Набросив куртку, Лобытов заторопился к ферме. То, что он увидел, буквально потрясло его. Доярки пытались поднимать коров и подвязывать к стойлам веревками.
- Ноги не держат. Иные вторые сутки лежат без движения. Значит, пролежни будут. Падеж начнется, - объяснили пригорюнившиеся доярки свое странное нововведение.
- На веревках поднимать нельзя, бока коров изотрутся до крови. Они ж - кожа да кости, - запротестовала только что появившаяся на ферме пожилая доярка.
- Я еду в Вологду в пожарное депо, - на ходу крикнул Лобытов. - Постараюсь выпросить списанные пожарные шланги.

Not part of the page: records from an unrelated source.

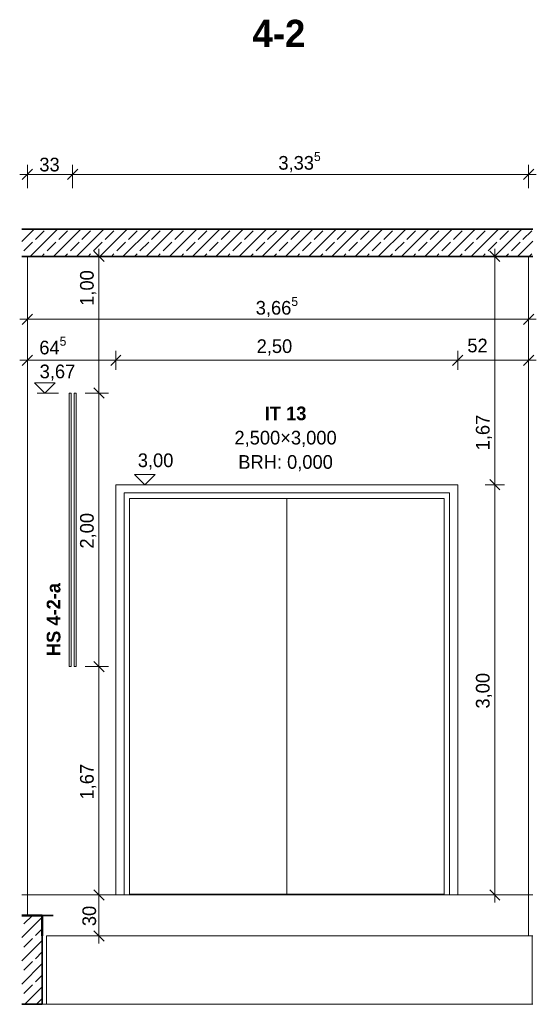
# Model space of a CAD drawing. Extents: x -22247 to 536407, y -187892 to 17509.
# Tile 52 of 75: x 408155 to 411932, y -185776 to -178575. Entities that reach past the tile are written whole.
import ezdxf
from ezdxf.lldxf.tags import DXFTag

# ---------------------------------------------------------------- set-up
doc = ezdxf.new("R2010")
doc.units = 0
doc.header["$LTSCALE"] = 50
for name, color, linetype, lineweight in [('01 Allgemein Beschriftung', 7, 'Continuous', 25), ('01 Bemaßung einbauteile', 7, 'Continuous', 25), ('01AFU Allgemein Bemaßung', 7, 'Continuous', 25), ('20 Bodenplatte', 7, 'Continuous', 25), ('20 Dach Stb-Decke', 7, 'Continuous', 25), ('20 Einbauteile - Halfenschienen', 7, 'Continuous', 25), ('20 Fenster Texte', 7, 'Continuous', 25), ('20 Fundament', 7, 'Continuous', 25), ('20 Innenwände', 7, 'Continuous', 25)]:
    doc.layers.add(name, color=color, linetype=linetype, lineweight=lineweight)
doc.styles.add('ERSTELLTER_STIL_2', font='GOTHIC.TTF')
doc.styles.add('ERSTELLTER_STIL_3', font='txt')
tags = doc.linetypes.add('Untersicht', pattern=[0.4, 0.3, -0.1]).pattern_tags.tags
tags[6:7] = [DXFTag(74, 4), DXFTag(75, 0), DXFTag(340, '0'), DXFTag(46, 1.0), DXFTag(50, 0.0), DXFTag(44, 0.0), DXFTag(45, 0.0)]
tags[4:5] = [DXFTag(74, 4), DXFTag(75, 0), DXFTag(340, '0'), DXFTag(46, 1.0), DXFTag(50, 0.0), DXFTag(44, 0.0), DXFTag(45, 0.0)]
pattern_1 = [(45, (395584.76, -184975.84), (-84.8528, 84.8528), []), (45, (395542.33, -184933.41), (-84.8528, 84.8528), [90, -30])]

# ---------------------------------------------------------------- blocks, each defined once
blk = doc.blocks.new('-D241')
at = {"layer": '01AFU Allgemein Bemaßung', "color": 7, "linetype": 'Continuous', "lineweight": 13, "ltscale": 0.00028561}
for p, q in [((408.2483, -181.0283), (408.1733, -181.1033)), ((408.2108, -181.1362), (408.2108, -180.9955)), ((408.895, -181.0283), (408.82, -181.1033)), ((408.8575, -181.1362), (408.8575, -180.9955)), ((408.1545, -181.0658), (408.2108, -181.0658)), ((408.2108, -181.0658), (408.8575, -181.0658))]:
    blk.add_line(p, q, dxfattribs=at)
at = {"layer": '01AFU Allgemein Bemaßung', "color": 7, "lineweight": 13, "ltscale": 0.00028561, "insert": (408.2979, -181.0517), "char_height": 0.1, "attachment_point": 7, "style": 'ERSTELLTER_STIL_2'}
blk.add_mtext('\\A1;{\\pql;\\fCentury Gothic|b0|i0|c0|p0;\\W1.000000;64\\fCentury Gothic|b0|i0|c0|p0;\\W1.000000;\\A1{\\H.66x;\\S5^  ;}}', dxfattribs=at)
blk = doc.blocks.new('-D242')
at = {"layer": '01AFU Allgemein Bemaßung', "color": 7, "linetype": 'Continuous', "lineweight": 13, "ltscale": 0.00028561}
for p, q in [((408.895, -181.0283), (408.82, -181.1033)), ((408.8575, -181.1362), (408.8575, -180.9955)), ((411.395, -181.0283), (411.32, -181.1033)), ((411.3575, -181.1362), (411.3575, -180.9955)), ((408.8575, -181.0658), (411.3575, -181.0658))]:
    blk.add_line(p, q, dxfattribs=at)
at = {"layer": '01AFU Allgemein Bemaßung', "color": 7, "lineweight": 13, "ltscale": 0.00028561, "insert": (409.8869, -181.0311), "char_height": 0.1, "attachment_point": 7, "style": 'ERSTELLTER_STIL_2'}
blk.add_mtext('\\A1;{\\pql;\\fCentury Gothic|b0|i0|c0|p0;\\W1.000000;2,50}', dxfattribs=at)
blk = doc.blocks.new('-D243')
at = {"layer": '01AFU Allgemein Bemaßung', "color": 7, "linetype": 'Continuous', "lineweight": 13, "ltscale": 0.00028561}
for p, q in [((411.395, -181.0283), (411.32, -181.1033)), ((411.3575, -181.1362), (411.3575, -180.9955)), ((411.8378, -181.1033), (411.9128, -181.0283)), ((411.8753, -181.1362), (411.8753, -180.9955)), ((411.3575, -181.0658), (411.8753, -181.0658)), ((411.8753, -181.0658), (411.9315, -181.0658))]:
    blk.add_line(p, q, dxfattribs=at)
at = {"layer": '01AFU Allgemein Bemaßung', "color": 7, "lineweight": 13, "ltscale": 0.00028561, "insert": (411.4272, -181.0091), "char_height": 0.1, "attachment_point": 7, "style": 'ERSTELLTER_STIL_2'}
blk.add_mtext('\\A1;{\\pql;\\fCentury Gothic|b0|i0|c0|p0;\\W1.000000;52}', dxfattribs=at)
blk = doc.blocks.new('-D244')
at = {"layer": '01AFU Allgemein Bemaßung', "color": 7, "linetype": 'Continuous', "lineweight": 13, "ltscale": 0.00028561}
for p, q in [((411.5911, -181.9383), (411.6661, -182.0133)), ((411.6989, -181.9758), (411.5583, -181.9758)), ((411.6286, -184.9758), (411.6286, -181.9758)), ((411.6989, -184.9758), (411.5583, -184.9758)), ((411.5911, -184.9383), (411.6661, -185.0133)), ((411.6286, -185.0321), (411.6286, -184.9758))]:
    blk.add_line(p, q, dxfattribs=at)
at = {"layer": '01AFU Allgemein Bemaßung', "color": 7, "lineweight": 13, "ltscale": 0.00028561, "insert": (411.6086, -183.6127), "char_height": 0.1, "attachment_point": 7, "rotation": 90, "style": 'ERSTELLTER_STIL_2'}
blk.add_mtext('\\A1;{\\pql;\\fCentury Gothic|b0|i0|c0|p0;\\W1.000000;3,00}', dxfattribs=at)
blk = doc.blocks.new('-D245')
at = {"layer": '01AFU Allgemein Bemaßung', "color": 7, "linetype": 'Continuous', "lineweight": 13, "ltscale": 0.00028561}
for p, q in [((411.6989, -180.3058), (411.5583, -180.3058)), ((411.6661, -180.3433), (411.5911, -180.2683)), ((411.6286, -180.3058), (411.6286, -180.2496)), ((411.6286, -181.9758), (411.6286, -180.3058)), ((411.5911, -181.9383), (411.6661, -182.0133)), ((411.6989, -181.9758), (411.5583, -181.9758))]:
    blk.add_line(p, q, dxfattribs=at)
at = {"layer": '01AFU Allgemein Bemaßung', "color": 7, "lineweight": 13, "ltscale": 0.00028561, "insert": (411.6086, -181.7245), "char_height": 0.1, "attachment_point": 7, "rotation": 90, "style": 'ERSTELLTER_STIL_2'}
blk.add_mtext('\\A1;{\\pql;\\fCentury Gothic|b0|i0|c0|p0;\\W1.000000;1,67}', dxfattribs=at)
blk = doc.blocks.new('-D246')
at = {"layer": '01AFU Allgemein Bemaßung', "color": 7, "linetype": 'Continuous', "lineweight": 13, "ltscale": 0.00028561}
for p, q in [((408.2483, -180.7283), (408.1733, -180.8033)), ((408.2108, -180.8362), (408.2108, -180.6955)), ((411.8378, -180.8033), (411.9128, -180.7283)), ((411.8753, -180.8362), (411.8753, -180.6955)), ((408.1545, -180.7658), (408.2108, -180.7658)), ((408.2108, -180.7658), (411.8753, -180.7658)), ((411.8753, -180.7658), (411.9315, -180.7658))]:
    blk.add_line(p, q, dxfattribs=at)
at = {"layer": '01AFU Allgemein Bemaßung', "color": 7, "lineweight": 13, "ltscale": 0.00028561, "insert": (409.8803, -180.761), "char_height": 0.1, "attachment_point": 7, "style": 'ERSTELLTER_STIL_2'}
blk.add_mtext('\\A1;{\\pql;\\fCentury Gothic|b0|i0|c0|p0;\\W1.000000;3,66\\fCentury Gothic|b0|i0|c0|p0;\\W1.000000;\\A1{\\H.66x;\\S5^  ;}}', dxfattribs=at)
blk = doc.blocks.new('-D247')
at = {"layer": '01 Bemaßung einbauteile', "color": 200, "linetype": 'Continuous', "lineweight": 18, "ltscale": 0.00105, "true_color": 0xd600ff}
for p, q in [((408.2108, -179.8058), (408.2108, -179.6355)), ((408.5417, -179.8058), (408.5417, -179.6355)), ((408.1545, -179.7058), (408.2108, -179.7058)), ((408.2483, -179.6683), (408.1733, -179.7433)), ((408.2108, -179.7058), (408.5417, -179.7058)), ((408.5792, -179.6683), (408.5042, -179.7433))]:
    blk.add_line(p, q, dxfattribs=at)
at = {"layer": '01 Bemaßung einbauteile', "color": 200, "lineweight": 18, "ltscale": 0.00105, "true_color": 0xd600ff, "insert": (408.298, -179.6858), "char_height": 0.1, "attachment_point": 7, "style": 'ERSTELLTER_STIL_2'}
blk.add_mtext('\\A1;{\\pql;\\fCentury Gothic|b0|i0|c0|p0;\\W1.000000;33}', dxfattribs=at)
blk = doc.blocks.new('-D248')
at = {"layer": '01 Bemaßung einbauteile', "color": 200, "linetype": 'Continuous', "lineweight": 18, "ltscale": 0.00105, "true_color": 0xd600ff}
for p, q in [((408.5417, -179.8058), (408.5417, -179.6355)), ((411.8753, -179.8058), (411.8753, -179.6355)), ((408.5792, -179.6683), (408.5042, -179.7433)), ((408.5417, -179.7058), (411.8753, -179.7058)), ((411.8378, -179.7433), (411.9128, -179.6683)), ((411.8753, -179.7058), (411.9315, -179.7058))]:
    blk.add_line(p, q, dxfattribs=at)
at = {"layer": '01 Bemaßung einbauteile', "color": 200, "lineweight": 18, "ltscale": 0.00105, "true_color": 0xd600ff, "insert": (410.0458, -179.701), "char_height": 0.1, "attachment_point": 7, "style": 'ERSTELLTER_STIL_2'}
blk.add_mtext('\\A1;{\\pql;\\fCentury Gothic|b0|i0|c0|p0;\\W1.000000;3,33\\fCentury Gothic|b0|i0|c0|p0;\\W1.000000;\\A1{\\H.66x;\\S5^  ;}}', dxfattribs=at)
blk = doc.blocks.new('-D249')
at = {"layer": '01 Bemaßung einbauteile', "color": 200, "linetype": 'Continuous', "lineweight": 18, "ltscale": 0.00105, "true_color": 0xd600ff}
for p, q in [((408.8045, -184.9758), (408.6342, -184.9758)), ((408.6967, -184.9383), (408.7717, -185.0133)), ((408.7342, -185.2758), (408.7342, -184.9758)), ((408.8045, -185.2758), (408.6342, -185.2758)), ((408.6967, -185.2383), (408.7717, -185.3133)), ((408.7342, -185.3321), (408.7342, -185.2758))]:
    blk.add_line(p, q, dxfattribs=at)
at = {"layer": '01 Bemaßung einbauteile', "color": 200, "lineweight": 18, "ltscale": 0.00105, "true_color": 0xd600ff, "insert": (408.7142, -185.2041), "char_height": 0.1, "attachment_point": 7, "rotation": 90, "style": 'ERSTELLTER_STIL_2'}
blk.add_mtext('\\A1;{\\pql;\\fCentury Gothic|b0|i0|c0|p0;\\W1.000000;30}', dxfattribs=at)
blk = doc.blocks.new('-D250')
at = {"layer": '01 Bemaßung einbauteile', "color": 200, "linetype": 'Continuous', "lineweight": 18, "ltscale": 0.00105, "true_color": 0xd600ff}
for p, q in [((408.8045, -183.3058), (408.6342, -183.3058)), ((408.6967, -183.2683), (408.7717, -183.3433)), ((408.7342, -184.9758), (408.7342, -183.3058)), ((408.8045, -184.9758), (408.6342, -184.9758)), ((408.6967, -184.9383), (408.7717, -185.0133))]:
    blk.add_line(p, q, dxfattribs=at)
at = {"layer": '01 Bemaßung einbauteile', "color": 200, "lineweight": 18, "ltscale": 0.00105, "true_color": 0xd600ff, "insert": (408.7142, -184.2777), "char_height": 0.1, "attachment_point": 7, "rotation": 90, "style": 'ERSTELLTER_STIL_2'}
blk.add_mtext('\\A1;{\\pql;\\fCentury Gothic|b0|i0|c0|p0;\\W1.000000;1,67}', dxfattribs=at)
blk = doc.blocks.new('-D251')
at = {"layer": '01 Bemaßung einbauteile', "color": 200, "linetype": 'Continuous', "lineweight": 18, "ltscale": 0.00105, "true_color": 0xd600ff}
for p, q in [((408.8045, -181.3058), (408.6342, -181.3058)), ((408.6967, -181.2683), (408.7717, -181.3433)), ((408.7342, -183.3058), (408.7342, -181.3058)), ((408.8045, -183.3058), (408.6342, -183.3058)), ((408.6967, -183.2683), (408.7717, -183.3433))]:
    blk.add_line(p, q, dxfattribs=at)
at = {"layer": '01 Bemaßung einbauteile', "color": 200, "lineweight": 18, "ltscale": 0.00105, "true_color": 0xd600ff, "insert": (408.7142, -182.4427), "char_height": 0.1, "attachment_point": 7, "rotation": 90, "style": 'ERSTELLTER_STIL_2'}
blk.add_mtext('\\A1;{\\pql;\\fCentury Gothic|b0|i0|c0|p0;\\W1.000000;2,00}', dxfattribs=at)
blk = doc.blocks.new('-D252')
at = {"layer": '01 Bemaßung einbauteile', "color": 200, "linetype": 'Continuous', "lineweight": 18, "ltscale": 0.00105, "true_color": 0xd600ff}
for p, q in [((408.8045, -180.3058), (408.6342, -180.3058)), ((408.7717, -180.3433), (408.6967, -180.2683)), ((408.7342, -180.3058), (408.7342, -180.2496)), ((408.7342, -181.3058), (408.7342, -180.3058)), ((408.8045, -181.3058), (408.6342, -181.3058)), ((408.6967, -181.2683), (408.7717, -181.3433))]:
    blk.add_line(p, q, dxfattribs=at)
at = {"layer": '01 Bemaßung einbauteile', "color": 200, "lineweight": 18, "ltscale": 0.00105, "true_color": 0xd600ff, "insert": (408.7142, -180.6673), "char_height": 0.1, "attachment_point": 7, "rotation": 90, "style": 'ERSTELLTER_STIL_2'}
blk.add_mtext('\\A1;{\\pql;\\fCentury Gothic|b0|i0|c0|p0;\\W1.000000;1,00}', dxfattribs=at)

msp = doc.modelspace()

# ---------------------------------------------------------------- hatches: boundary and pattern name
at = {"layer": '20 Bodenplatte', "linetype": 'Continuous', "lineweight": 13, "ltscale": 0.00028561, "true_color": 0x000100}
h = msp.add_hatch(dxfattribs=at)
h.set_pattern_fill('Beton_Stahlbeton_000b', color=98, scale=1000, style=0, pattern_type=2)
h.set_pattern_definition(pattern_1)
h.paths.add_polyline_path([(408319.7, -185125.8), (408170.2, -185125.8), (408170.2, -185275.8), (408319.7, -185275.8)])
at = {"layer": '20 Dach Stb-Decke', "linetype": 'Continuous', "lineweight": 13, "ltscale": 0.00028561, "true_color": 0x000100}
h = msp.add_hatch(dxfattribs=at)
h.set_pattern_fill('Beton_Stahlbeton_000b', color=98, scale=1000, style=0, pattern_type=2)
h.set_pattern_definition(pattern_1)
h.paths.add_polyline_path([(411906.5, -180105.8), (408170.2, -180105.8), (408170.2, -180305.8), (411906.5, -180305.8)])
at = {"layer": '20 Fundament', "linetype": 'Continuous', "lineweight": 13, "ltscale": 0.00028561, "true_color": 0x000100}
h = msp.add_hatch(dxfattribs=at)
h.set_pattern_fill('Beton_Stahlbeton_000b', color=98, scale=1000, style=0, pattern_type=2)
h.set_pattern_definition(pattern_1)
h.paths.add_polyline_path([(408170.2, -185775.8), (408319.7, -185775.8), (408319.7, -185275.8), (408170.2, -185275.8)])

# ---------------------------------------------------------------- linework, layer by layer
at = {"layer": '01 Bemaßung einbauteile', "color": 200, "linetype": 'Continuous', "lineweight": 18, "ltscale": 0.00105, "true_color": 0xd600ff}
for p, q in [((408338.7, -181305.8), (408263.7, -181230.8)), ((408263.7, -181230.8), (408413.7, -181230.8)), ((408413.7, -181230.8), (408338.7, -181305.8)), ((408338.7, -181305.8), (408282.4, -181305.8)), ((408338.7, -181305.8), (408438.7, -181305.8))]:
    msp.add_line(p, q, dxfattribs=at)
at = {"layer": '01AFU Allgemein Bemaßung', "color": 7, "linetype": 'Continuous', "lineweight": 13, "ltscale": 0.00028561}
for p, q in [((409069.1, -181975.8), (408994.1, -181900.8)), ((408994.1, -181900.8), (409144.1, -181900.8)), ((409144.1, -181900.8), (409069.1, -181975.8)), ((409069.1, -181975.8), (409012.8, -181975.8)), ((409069.1, -181975.8), (409319.1, -181975.8))]:
    msp.add_line(p, q, dxfattribs=at)
at = {"layer": '20 Bodenplatte', "color": 7, "linetype": 'Continuous', "lineweight": 50, "ltscale": 0.0625}
for q in [(408170.2, -185125.8), (408319.7, -185275.8)]:
    msp.add_line((408319.7, -185125.8), q, dxfattribs=at)
at = {"layer": '20 Bodenplatte', "color": 7, "linetype": 'Continuous', "lineweight": 35, "ltscale": 0.015006}
msp.add_line((408319.7, -185125.8), (408399.1, -185125.8), dxfattribs=at)
at = {"layer": '20 Dach Stb-Decke', "color": 7, "linetype": 'Continuous', "lineweight": 35, "ltscale": 0.015006}
for p, q in [((411906.5, -180105.8), (408170.2, -180105.8)), ((411906.5, -180305.8), (408170.2, -180305.8))]:
    msp.add_line(p, q, dxfattribs=at)
at = {"layer": '20 Dach Stb-Decke', "color": 30, "linetype": 'Untersicht', "lineweight": 18, "ltscale": 0.00026244, "true_color": 0xff7300}
msp.add_line((408170.2, -184975.8), (411906.5, -184975.8), dxfattribs=at)
at = {"layer": '20 Einbauteile - Halfenschienen', "color": 200, "linetype": 'Continuous', "lineweight": 18, "ltscale": 0.00105, "true_color": 0xd600ff}
for p, q in [((408517.2, -181305.8), (408530.5, -181305.8)), ((408517.2, -183305.8), (408517.2, -181305.8)), ((408530.5, -183305.8), (408530.5, -181305.8)), ((408553, -181305.8), (408566.2, -181305.8)), ((408553, -183305.8), (408553, -181305.8)), ((408566.2, -183305.8), (408566.2, -181305.8)), ((408517.2, -183305.8), (408530.5, -183305.8)), ((408553, -183305.8), (408566.2, -183305.8))]:
    msp.add_line(p, q, dxfattribs=at)
at = {"layer": '20 Fundament', "color": 7, "linetype": 'Continuous', "lineweight": 35, "ltscale": 0.015006}
for p, q in [((408319.7, -185275.8), (408319.7, -185775.8)), ((408319.7, -185775.8), (408170.2, -185775.8))]:
    msp.add_line(p, q, dxfattribs=at)
at = {"layer": '20 Fundament', "color": 7, "linetype": 'Continuous', "lineweight": 18, "ltscale": 0.00105}
for p, q in [((408349.5, -185275.8), (408634.2, -185275.8)), ((408349.5, -185775.8), (408349.5, -185275.8)), ((408634.2, -185275.8), (410684.1, -185275.8)), ((410684.1, -185275.8), (411902.1, -185275.8)), ((411902.1, -185275.8), (411902.1, -185775.8)), ((411902.1, -185275.8), (411906.5, -185275.8)), ((408319.7, -185775.8), (408334.1, -185775.8)), ((408349.5, -185775.8), (408334.1, -185775.8)), ((408349.5, -185775.8), (408634.2, -185775.8)), ((408634.2, -185775.8), (410684.1, -185775.8)), ((411902.1, -185775.8), (410684.1, -185775.8)), ((411902.1, -185775.8), (411906.5, -185775.8))]:
    msp.add_line(p, q, dxfattribs=at)
at = {"layer": '20 Innenwände', "color": 7, "linetype": 'Continuous', "lineweight": 18, "ltscale": 0.00105}
for p, q in [((408210.8, -180305.8), (408210.8, -185125.8)), ((411875.3, -180305.8), (411875.3, -185275.8)), ((408857.5, -184975.8), (408857.5, -181975.8)), ((408857.5, -181975.8), (411266.3, -181975.8)), ((408917.5, -184975.8), (408917.5, -182035.8)), ((408917.5, -182035.8), (411297.5, -182035.8)), ((411266.3, -181975.8), (411357.5, -181975.8)), ((411297.5, -182035.8), (411297.5, -184975.8)), ((411357.5, -181975.8), (411357.5, -184975.8)), ((408957.5, -184975.8), (408957.5, -182075.8)), ((408957.5, -182075.8), (410107.6, -182075.8)), ((410107.3, -182075.8), (410107.3, -184970.8)), ((410107.6, -182075.8), (410107.6, -184970.8)), ((410107.6, -182075.8), (410247.6, -182075.8)), ((410247.6, -182075.8), (411257.5, -182075.8)), ((411257.5, -182075.8), (411257.5, -184975.8)), ((411266.3, -184975.8), (408857.5, -184975.8)), ((410107.3, -184970.8), (408957.5, -184970.8)), ((410107.6, -184970.8), (411257.5, -184970.8)), ((411357.5, -184975.8), (411266.3, -184975.8))]:
    msp.add_line(p, q, dxfattribs=at)

# ---------------------------------------------------------------- block references
at = {"layer": '01 Bemaßung einbauteile', "color": 200, "linetype": 'Continuous', "lineweight": 18, "ltscale": 0.00105, "true_color": 0xd600ff, "xscale": 1000, "yscale": 1000, "zscale": 1000}
for name in ['-D248', '-D247', '-D252', '-D251', '-D250', '-D249']:
    msp.add_blockref(name, (0, 0), dxfattribs=at)
at = {"layer": '01AFU Allgemein Bemaßung', "color": 7, "linetype": 'Continuous', "lineweight": 13, "ltscale": 0.00028561, "xscale": 1000, "yscale": 1000, "zscale": 1000}
for name in ['-D245', '-D246', '-D241', '-D242', '-D243', '-D244']:
    msp.add_blockref(name, (0, 0), dxfattribs=at)

# ---------------------------------------------------------------- texts
at = {"layer": '01 Allgemein Beschriftung', "color": 1, "linetype": 'Continuous', "lineweight": 18, "ltscale": 0.00105, "true_color": 0xf50000, "insert": (409856.2, -178675.4), "char_height": 200, "attachment_point": 4, "style": 'ERSTELLTER_STIL_3'}
msp.add_mtext('\\A1;{\\fCentury Gothic|b1|i0|c0|p0;\\W1;4-\\fCentury Gothic|b1|i0|c0|p0;\\W1;2}', dxfattribs=at)
at = {"layer": '01 Bemaßung einbauteile', "color": 200, "lineweight": 18, "ltscale": 0.00105, "true_color": 0xd600ff, "insert": (408300.4, -181215.8), "char_height": 100, "attachment_point": 7, "style": 'ERSTELLTER_STIL_2'}
msp.add_mtext('\\A1;{\\fCentury Gothic|b0|i0|c0|p0;\\W1;3,67}', dxfattribs=at)
at = {"layer": '01AFU Allgemein Bemaßung', "color": 7, "lineweight": 13, "ltscale": 0.00028561, "insert": (409018, -181865.6), "char_height": 100, "attachment_point": 7, "style": 'ERSTELLTER_STIL_2'}
msp.add_mtext('\\A1;{\\fCentury Gothic|b0|i0|c0|p0;\\W1;3,00}', dxfattribs=at)
at = {"layer": '20 Einbauteile - Halfenschienen', "color": 7, "linetype": 'Continuous', "lineweight": 13, "ltscale": 0.00028561, "insert": (408453.4, -182962), "char_height": 100, "attachment_point": 8, "rotation": 90, "style": 'ERSTELLTER_STIL_3'}
msp.add_mtext('\\A1;{\\fCentury Gothic|b1|i0|c0|p0;\\W1;HS 4-2-a}', dxfattribs=at)
at = {"layer": '20 Fenster Texte', "color": 7, "linetype": 'Continuous', "lineweight": 13, "ltscale": 0.00028561, "insert": (410098.4, -181877.9), "char_height": 100, "attachment_point": 8, "line_spacing_factor": 1.065938, "style": 'ERSTELLTER_STIL_3'}
msp.add_mtext('\\A1;{\\fCentury Gothic|b1|i0|c0|p0;\\W1;IT 13\\P\\fCentury Gothic|b0|i0|c0|p0;\\W1;2,500×3,000\\P\\fCentury Gothic|b0|i0|c0|p0;\\W1;BRH: \\fCentury Gothic|b0|i0|c0|p0;\\W1;0,000}', dxfattribs=at)

doc.saveas('drawing.dxf')

Реальность, с которой столкнулся председатель, вмиг вышибла из головы радужные планы о предстоящем переустройстве хозяйства. Стало ясно, с чего начинать. Надо любой ценой продержаться до первой травы, не допустить падежа. Но легко сказать: ведь до хорошего травостоя еще долгих полтора месяца.
Вскоре Лобытов завез на ферму шланги, собрал правление. Надо было посоветоваться, что делать дальше. Говорил взволнованно, что ему вообще было не свойственно, чтобы передать свою тревогу колхозным правленцам.
Кому-то пришла мысль пустить на корм солому с крыш скотных дворов. Если ее распаривать горячей водой, не ахти что, но все же фураж. Другой предложил снарядить бригаду за хвойными ветками. Для свинофермы решили нарезать болотных кочек, пронизанных множеством корней и покрытых гривками прошлогодней травы. Хоть и не шибко питательный корм, а все же минеральные вещества в нем есть. Особенно ухватился Михаил Григорьевич за такую идею. Осенние дожди и ранние заморозки превратили часть накошенной на Присухонских лугах осоки в ледяные глыбы. В начале зимы перевезли к фермам то, что получше, а смерзшиеся куски брать не стали. А ведь распарь их, измельчи - какой-никакой фураж! Так что надо срочно мастерить ручные соломорезки, делать хотя бы примитивные кормокухни. Иначе не дотянуть до травы.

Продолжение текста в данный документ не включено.